Although the
gemfire-locator job on locator VMs will appear to be running consistently and
gemfire-server jobs will appear to be switching between starting, running and failing, you don't need to touch the GemFire servers.
The get around this problem we need to
monit stop
all the
gemfire-locator jobs on the locator VMs and start them one by one.
Note: This does not mean you can use monit restart
. At some point, it is required that none of the gemfire-locator jobs are running.
Follow the below instructions:
1. Stop the
gemfire-locator jobs on each locator VM. You can reference each locator using 0 based index. For example, locator/0, locator/1 etc.

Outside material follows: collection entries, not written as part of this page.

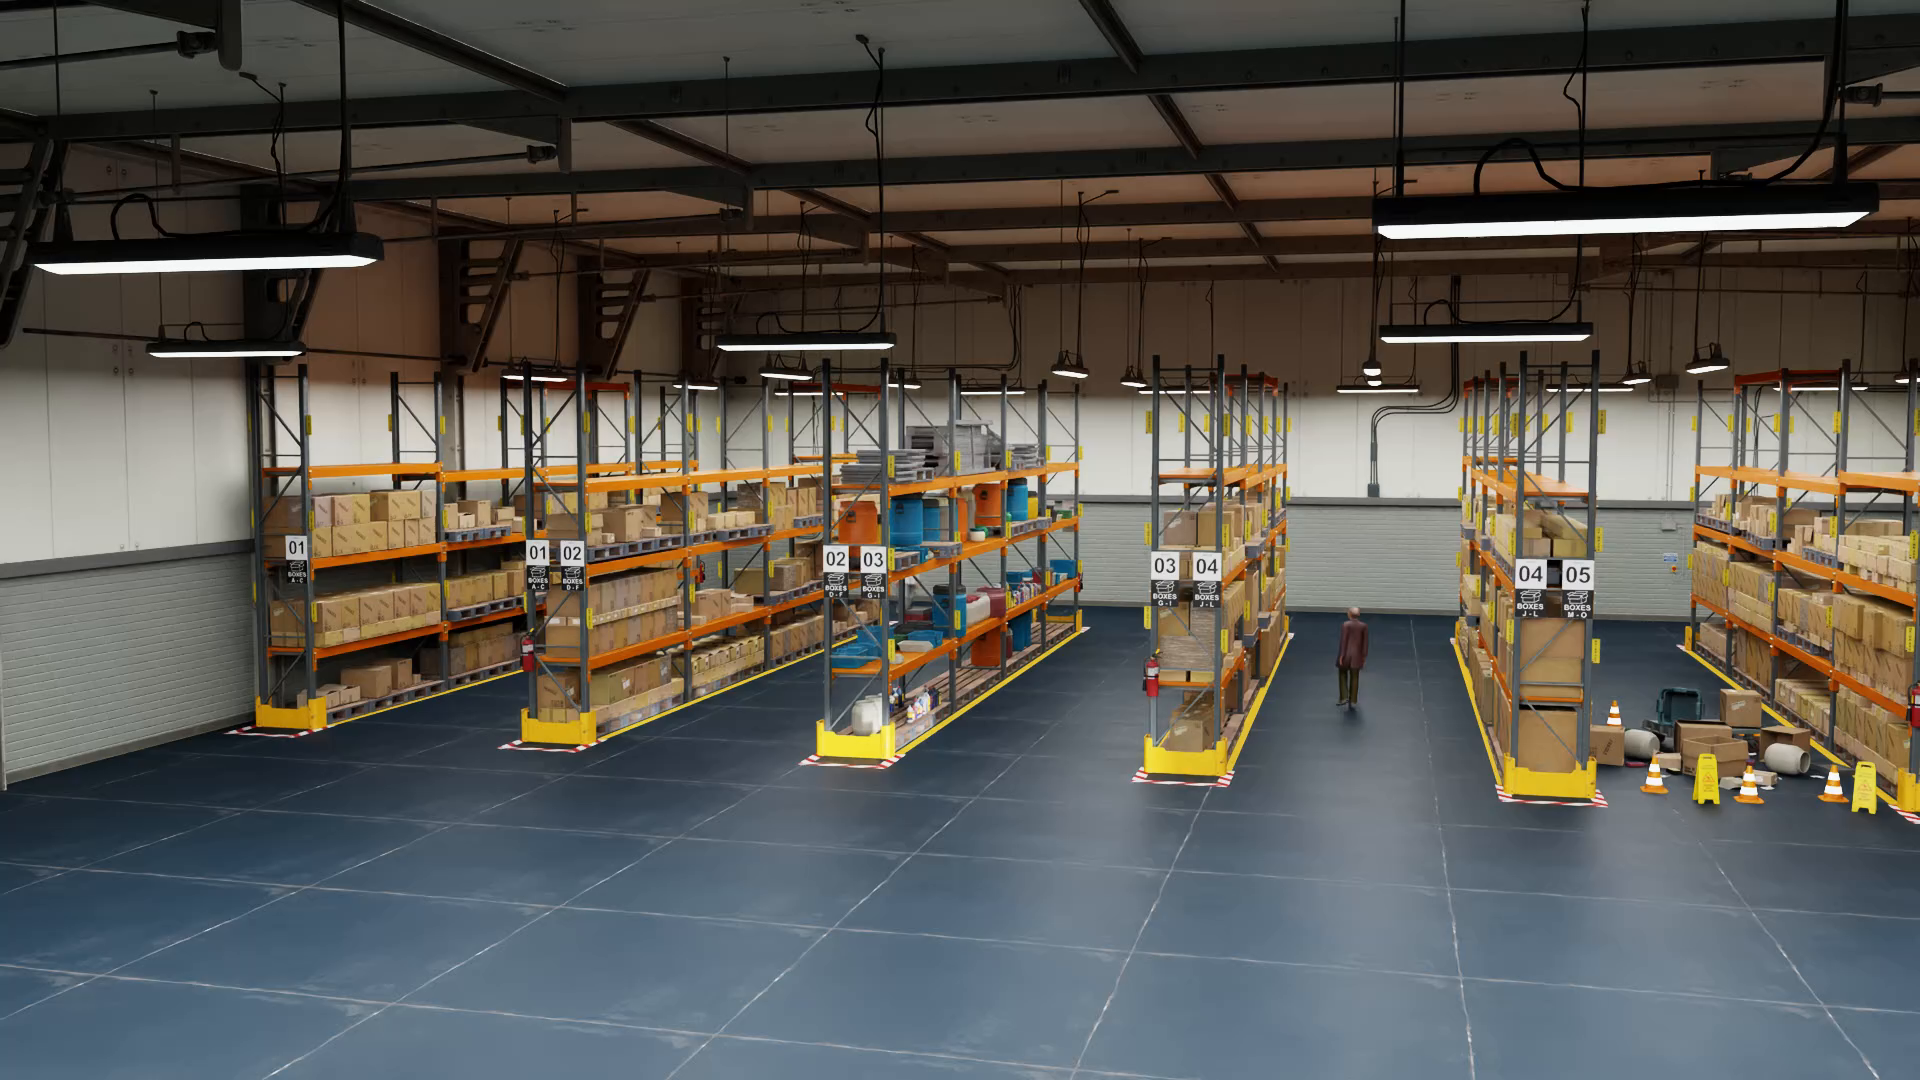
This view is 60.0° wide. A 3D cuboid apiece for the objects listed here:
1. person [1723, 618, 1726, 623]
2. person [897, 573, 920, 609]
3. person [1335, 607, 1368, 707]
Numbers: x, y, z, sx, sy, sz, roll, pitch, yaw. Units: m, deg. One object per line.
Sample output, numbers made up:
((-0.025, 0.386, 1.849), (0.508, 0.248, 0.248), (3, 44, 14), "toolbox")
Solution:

bosh -e ENV -d DEPLOYMENT ssh locator/0
sudo su
monit stop gemfire-locator
2. Verify that all the
gemfire-locator jobs in all locator VMs are actually stoped by running
bosh -e ENV -d DEPLOYMENT instances --ps
. All the gemfire-locator jobs should be in stopped state.
3. Now start the
gemfire-locator jobs on each locator VM.
bosh -e ENV -d DEPLOYMENT ssh locator/0
sudo su
monit start gemfire-locator
After the above commands are executed, the flapping of
gemfire-servers should now stop and the servers should be in running state. Execute the command,
watch
bosh -e ENV -d DEPLOYMENT instances --ps
for a minute to make sure
gemfire-server jobs are not switching states.